Work task:
When a record contains an image, skip the image and retype the rest of that record exactly.

Records shown:
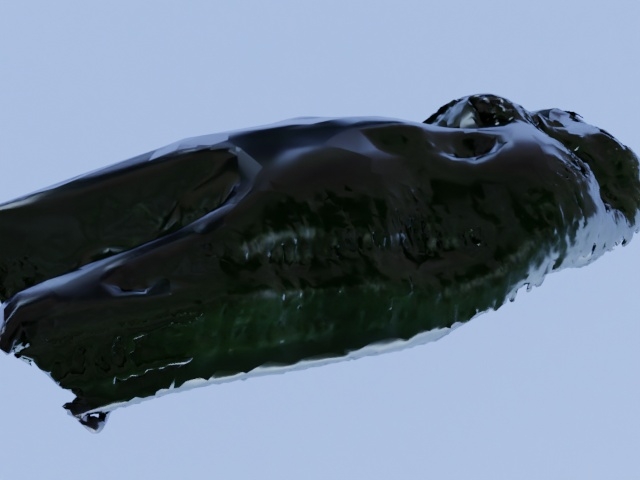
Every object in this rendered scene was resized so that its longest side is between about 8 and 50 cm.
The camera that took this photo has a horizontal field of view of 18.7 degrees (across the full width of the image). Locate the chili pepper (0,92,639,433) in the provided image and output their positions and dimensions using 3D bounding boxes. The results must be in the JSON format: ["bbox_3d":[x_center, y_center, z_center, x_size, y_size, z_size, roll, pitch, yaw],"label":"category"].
[{"bbox_3d":[0.000,-0.002,0.521,0.098,0.224,0.061,29,-61,44],"label":"chili pepper"}]
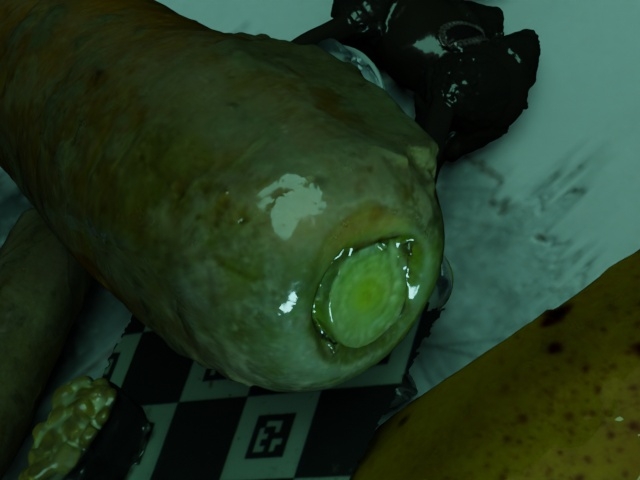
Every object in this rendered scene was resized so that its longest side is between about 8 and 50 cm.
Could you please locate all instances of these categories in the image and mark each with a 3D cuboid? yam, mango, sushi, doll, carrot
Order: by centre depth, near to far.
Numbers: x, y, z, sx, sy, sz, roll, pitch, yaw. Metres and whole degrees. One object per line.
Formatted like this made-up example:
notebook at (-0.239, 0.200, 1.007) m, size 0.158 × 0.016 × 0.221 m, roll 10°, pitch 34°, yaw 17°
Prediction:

Your response:
Every object in this rendered scene was resized so that its longest side is between about 8 and 50 cm.
The camera that took this photo has a horizontal field of view of 18.7 degrees (across the full width of the image). Locate the chili pepper (0,92,639,433) in the provided image and output their positions and dimensions using 3D bounding boxes. The results must be in the JSON format: ["bbox_3d":[x_center, y_center, z_center, x_size, y_size, z_size, roll, pitch, yaw],"label":"category"].
[{"bbox_3d":[0.000,-0.002,0.521,0.098,0.224,0.061,29,-61,44],"label":"chili pepper"}]
Every object in this rendered scene was resized so that its longest side is between about 8 and 50 cm.
Could you please locate all instances of these categories in the image and mark each with a 3D cuboid? yam, mango, sushi, doll, carrot
Order: by centre depth, near to far.
Numbers: x, y, z, sx, sy, sz, roll, pitch, yaw. Metres and whole degrees. One object per line.
Formatted like this made-up example:
notebook at (-0.239, 0.200, 1.007) m, size 0.158 × 0.016 × 0.221 m, roll 10°, pitch 34°, yaw 17°
Prediction:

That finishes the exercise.